Хозяин торопливо обогнул стол и как-то нерешительно протянул к нему руку, а может, и обе руки.

— Конечно, вор, — сказал он. — Ну и ладно. Обедать будете?

Он помолчал, явно волнуясь, и начал снова:

— Правда, пообедайте с нами. Вот и ваш прибор.

Гейл внимательно оглядел стол и сосчитал приборы. Число их рассеяло последние его сомнения. Теперь он знал, почему у хозяина в запонках и в галстуке опалы, почему разбито зеркало, рассыпана соль, ножи и вилки лежат крест-накрест, почему в доме раскидан боярышник и валяются павлиньи перья, а в саду расхаживает павлин.
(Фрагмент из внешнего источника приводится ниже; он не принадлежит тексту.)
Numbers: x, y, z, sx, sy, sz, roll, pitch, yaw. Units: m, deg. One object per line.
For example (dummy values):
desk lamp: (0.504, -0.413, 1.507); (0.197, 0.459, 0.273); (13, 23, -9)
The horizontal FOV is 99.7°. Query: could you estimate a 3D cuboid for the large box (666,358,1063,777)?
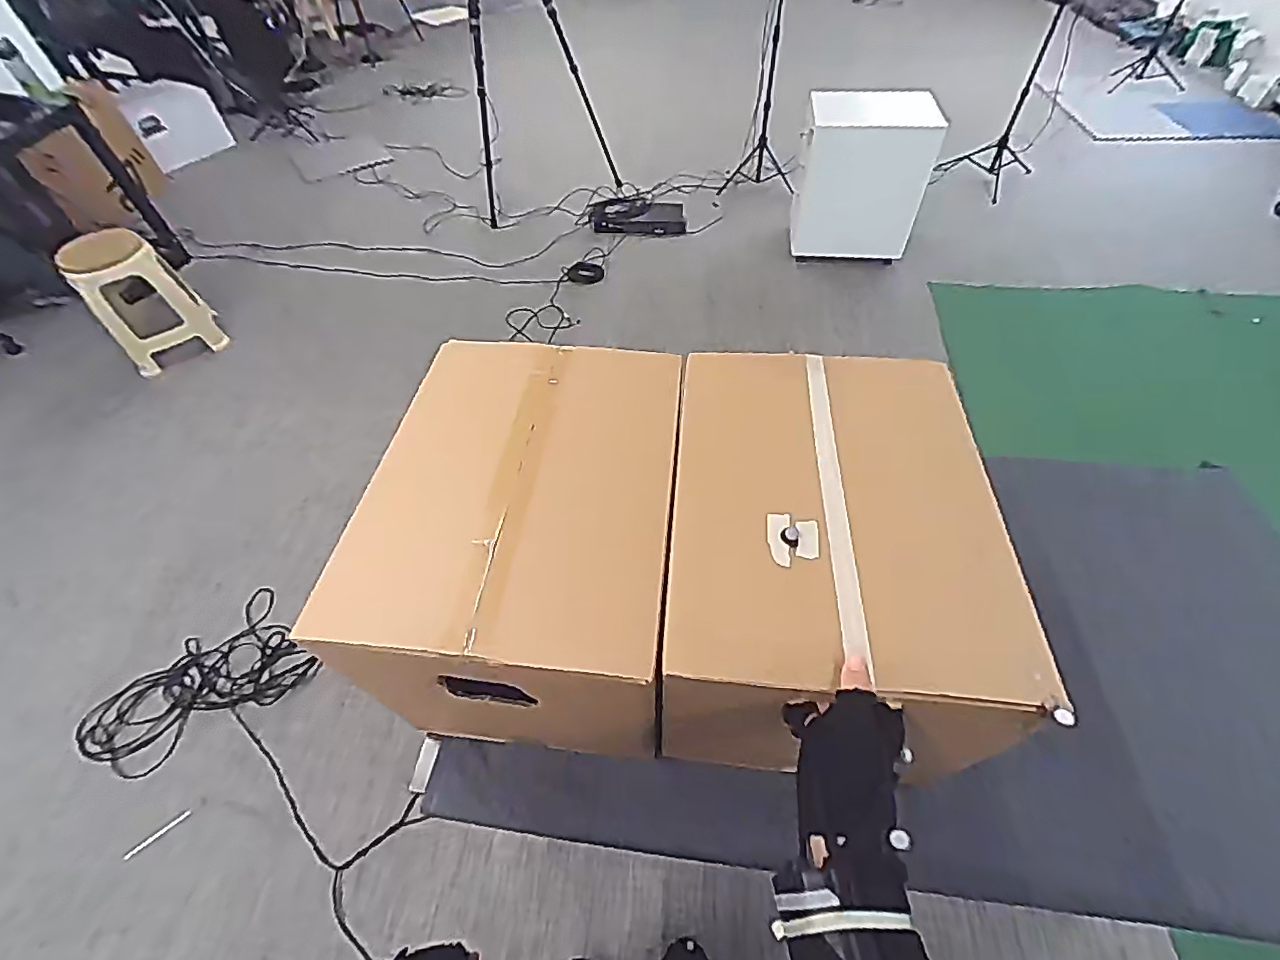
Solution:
large box: (0.196, 0.103, 0.663); (0.320, 0.320, 0.408); (3, 53, 6)
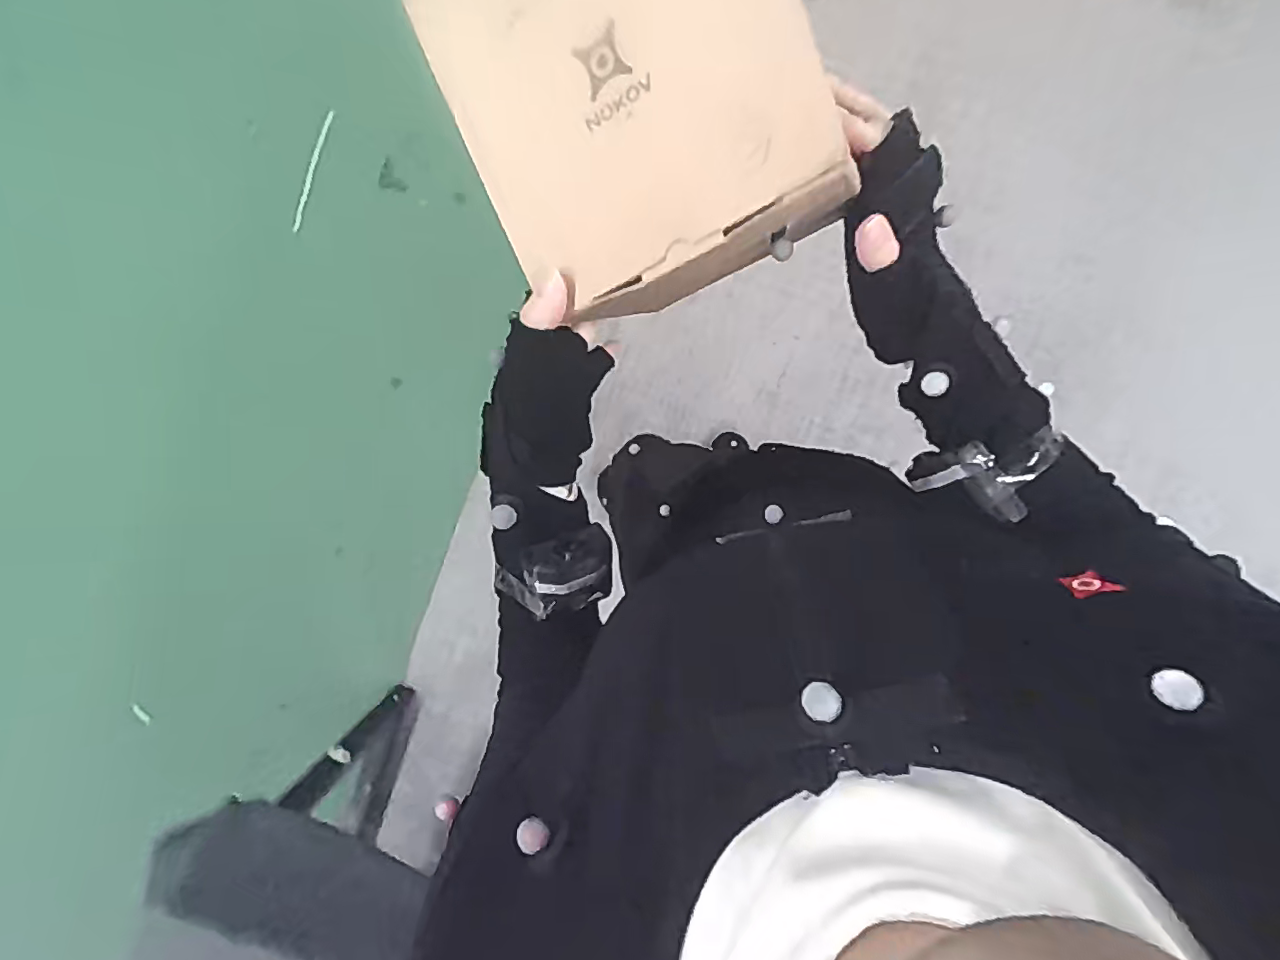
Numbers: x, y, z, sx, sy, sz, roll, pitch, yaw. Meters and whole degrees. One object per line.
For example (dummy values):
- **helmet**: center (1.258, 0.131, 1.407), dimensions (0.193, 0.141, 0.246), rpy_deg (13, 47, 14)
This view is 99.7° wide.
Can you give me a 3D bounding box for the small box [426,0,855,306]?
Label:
- **small box**: center (0.019, -0.219, 0.316), dimensions (0.168, 0.176, 0.179), rpy_deg (-17, 100, 27)
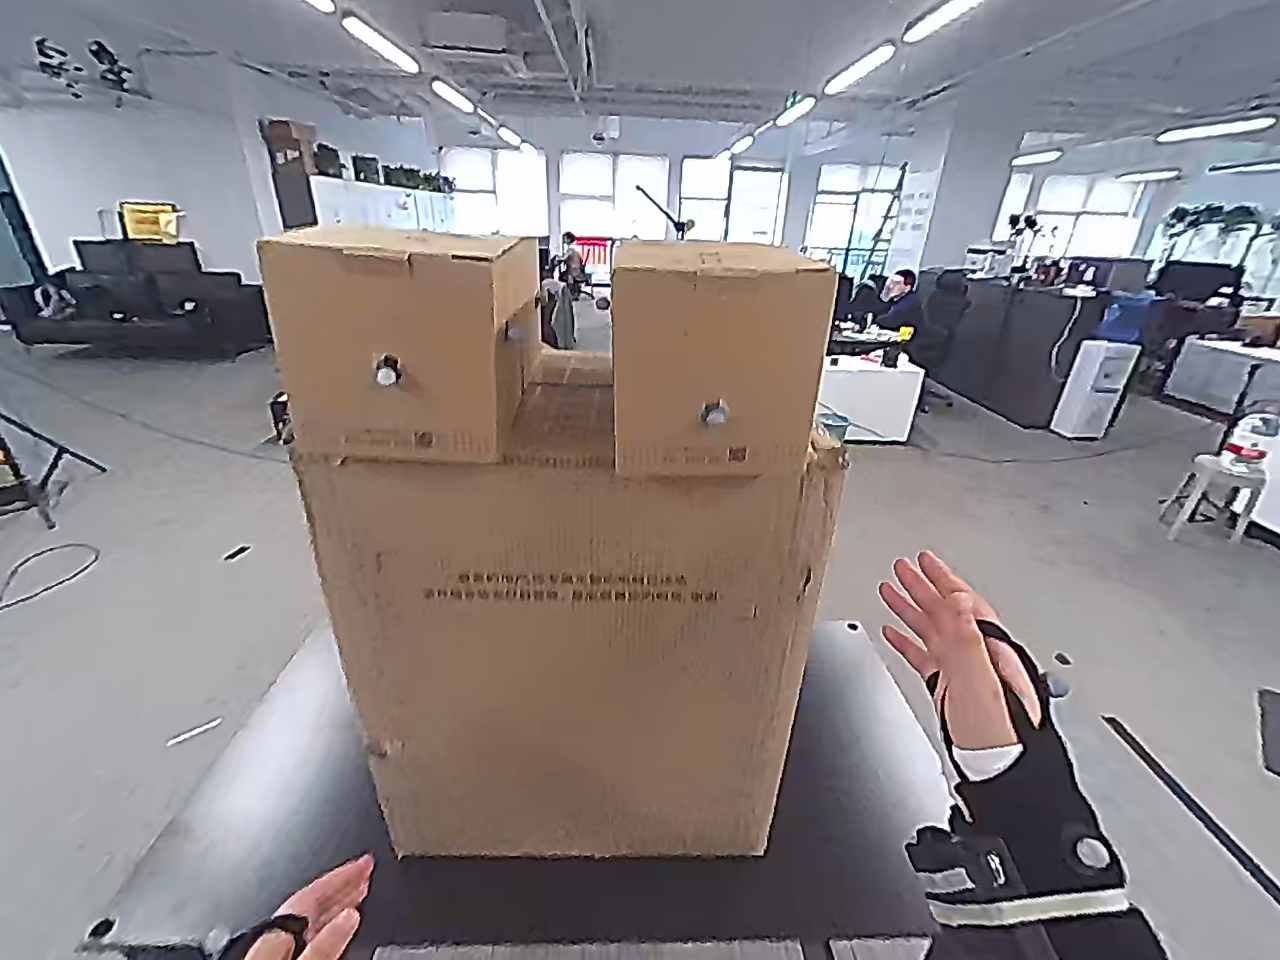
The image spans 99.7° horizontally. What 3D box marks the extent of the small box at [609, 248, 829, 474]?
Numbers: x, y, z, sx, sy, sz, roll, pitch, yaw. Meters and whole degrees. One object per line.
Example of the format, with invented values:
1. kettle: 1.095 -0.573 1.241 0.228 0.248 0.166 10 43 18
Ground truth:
1. small box: 0.055 -0.117 0.505 0.168 0.176 0.179 -1 29 -2

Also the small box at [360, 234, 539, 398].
1. small box: -0.219 -0.208 0.674 0.168 0.176 0.179 0 26 -4
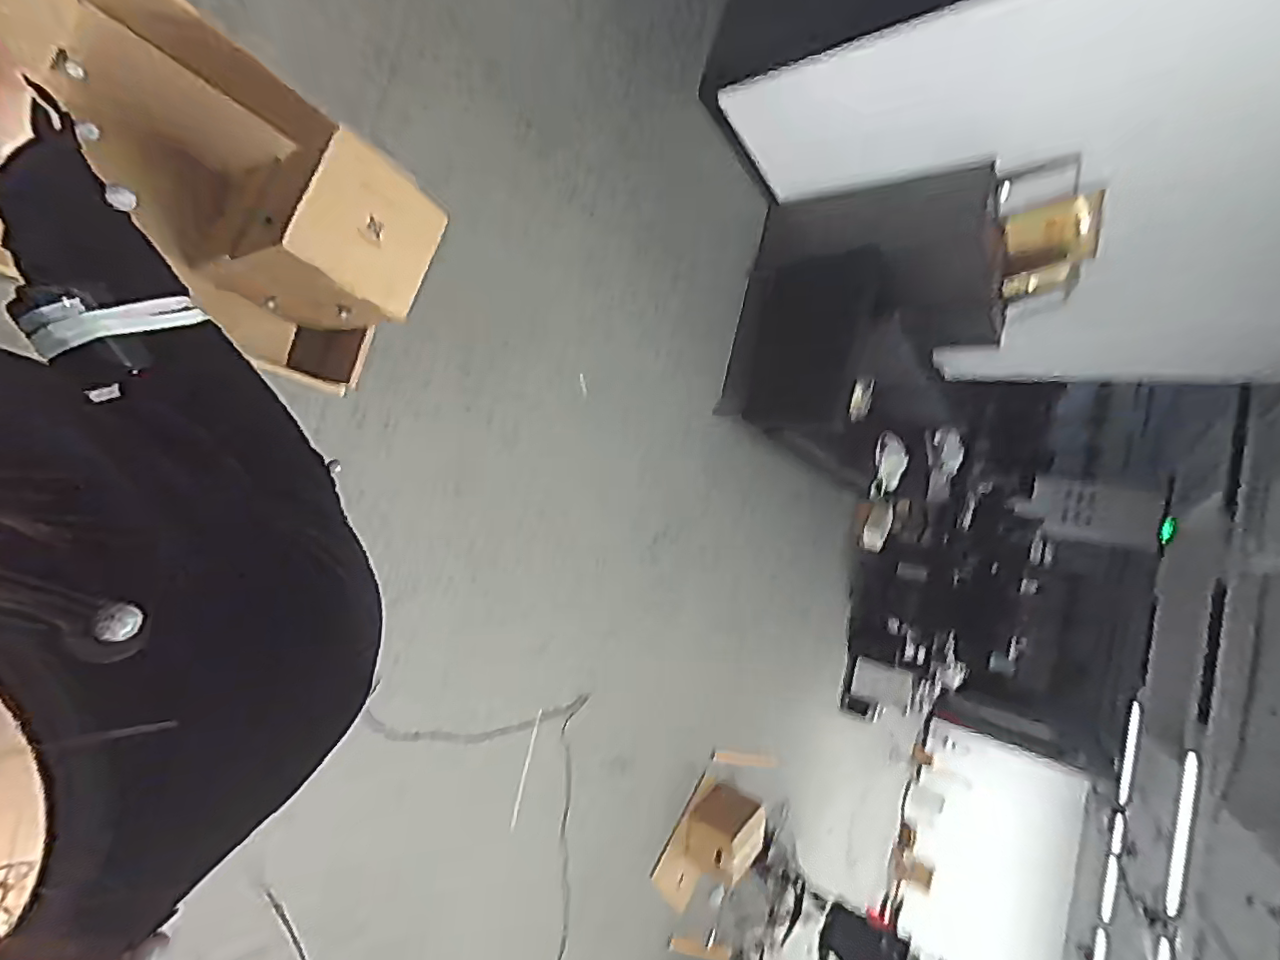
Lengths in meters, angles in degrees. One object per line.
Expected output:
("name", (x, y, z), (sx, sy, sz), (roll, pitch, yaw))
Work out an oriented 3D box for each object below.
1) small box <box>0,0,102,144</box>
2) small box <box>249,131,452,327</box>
("small box", (-0.613, -0.427, 0.466), (0.179, 0.176, 0.168), (21, 81, -51))
("small box", (-0.402, -0.328, 0.749), (0.168, 0.176, 0.179), (33, 71, -50))
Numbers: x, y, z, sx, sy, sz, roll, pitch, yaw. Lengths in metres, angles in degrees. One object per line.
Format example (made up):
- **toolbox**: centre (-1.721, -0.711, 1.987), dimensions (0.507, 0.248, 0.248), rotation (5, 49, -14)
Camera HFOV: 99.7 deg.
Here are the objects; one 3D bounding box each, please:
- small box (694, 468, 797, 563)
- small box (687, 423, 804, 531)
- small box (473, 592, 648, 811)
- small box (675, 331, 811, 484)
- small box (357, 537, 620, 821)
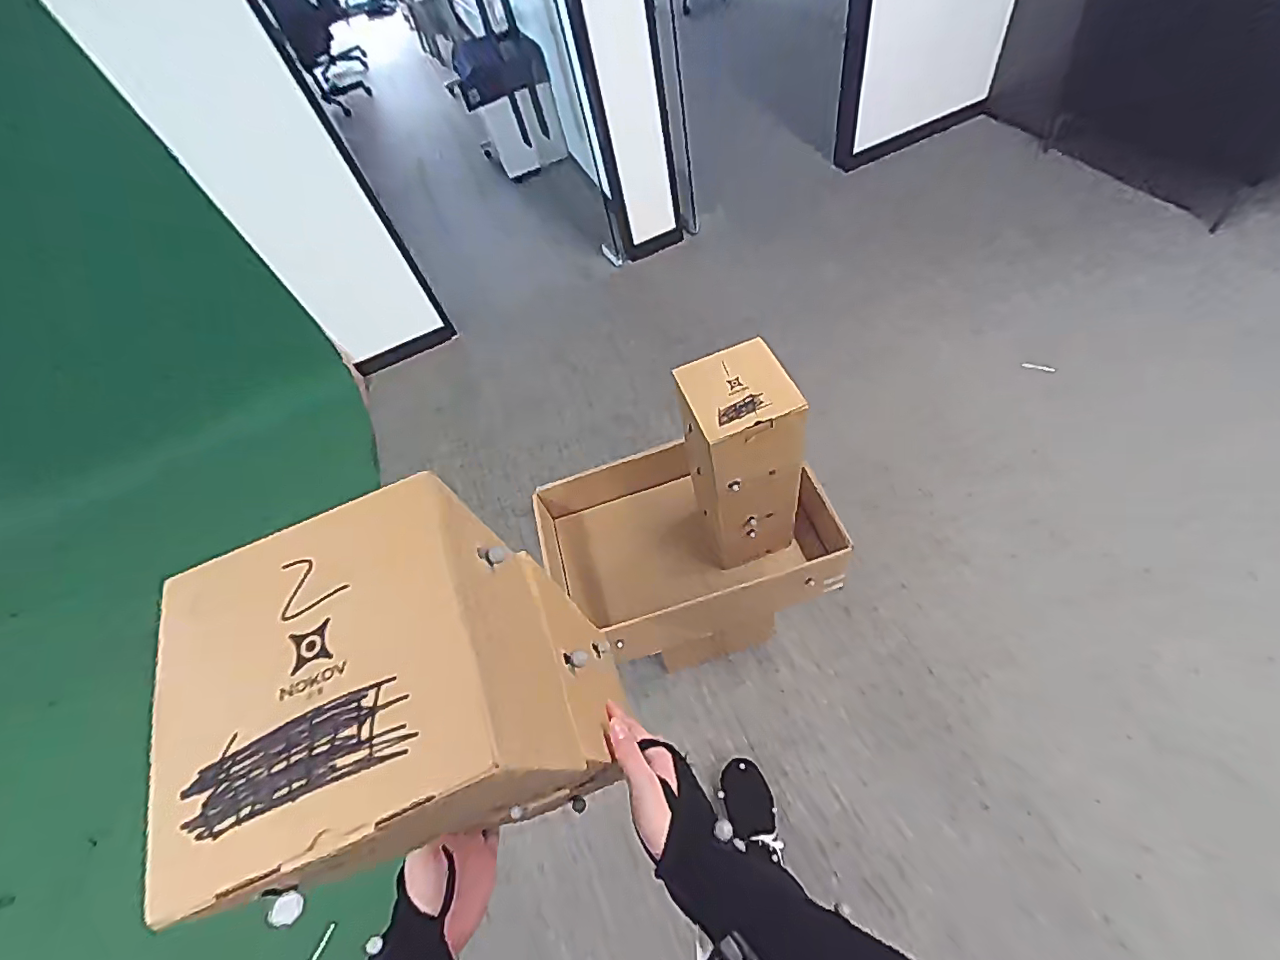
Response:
- **small box**: centre (0.230, 0.054, 1.195), dimensions (0.168, 0.176, 0.179), rotation (-20, 55, 0)
- **small box**: centre (0.202, -0.029, 1.059), dimensions (0.168, 0.176, 0.179), rotation (-20, 56, -1)
- **small box**: centre (-0.102, 0.261, 0.635), dimensions (0.168, 0.176, 0.179), rotation (-22, 61, -2)
- **small box**: centre (0.174, -0.113, 0.921), dimensions (0.168, 0.176, 0.179), rotation (-20, 55, -1)
- **small box**: centre (-0.129, 0.183, 0.496), dimensions (0.168, 0.176, 0.179), rotation (-21, 62, -3)

Он понял, что стремянка стоит так странно не для того, чтобы по ней лазали в окно, а для того, чтобы под ней проходили к двери. И еще он понял, что прибор его — тринадцатый.

— Сейчас будем обедать, — с нервным радушием говорил украшенный опалами хозяин. — Я как раз шел вниз, звать остальных гостей. Очень занятные люди, вы уж мне поверьте. В самом деле, умные, здравомыслящие, ничего на свете не боятся. Меня зовут Крэндл, Хэмфри Крэндл, в деловом мире я довольно известен. Пришлось представиться самому, чтобы представить вам других.

Гейл припомнил, что часто в рассеянности скользил глазами по буквам этого имени, и связано оно не то с мылом, не то с лекарством, не то с вечными перьями. Он мало разбирался в этих делах, но все же мог себе представить, что бизнесмену такого калибра вполне по карману и вина, и павлины, хоть он и живет в невзрачном особняке. Но другие мысли мучили его, и он невесело глядел в окно, в павлиний сад, где умирали на траве последние лучи заката.

Тем временем члены «Клуба тринадцати» входили в комнату и рассаживались по местам. Большинство из них отличалось бойкостью, а некоторые — и наглостью. У самых молодых, с виду похожих на очень мелких служащих, лица были глупые и беспокойные, словно они участвовали в опасной игре. И только двое из двенадцати были явно приличными людьми: сухонький морщинистый старичок в огромном рыжем парике и высокий крепкий человек неопределенного возраста и несомненного ума. Первый оказался сэром Дэниелом Кридом, в свое (довольно давнее) время прославившемся в суде. Второй звался просто мистер Ноэл, но сразу было видно, что он умнее и значительней старика. Лицо у него было крупное, резкое и красивое, а впалые виски и глубокие глазницы говорили о духовной, а не о телесной усталости. Чутье подсказало поэту, что он и впрямь устал; что прежде чем присоединиться к этой странной компании, он перевидал много других и, наверное, еще не нашел достаточно странной.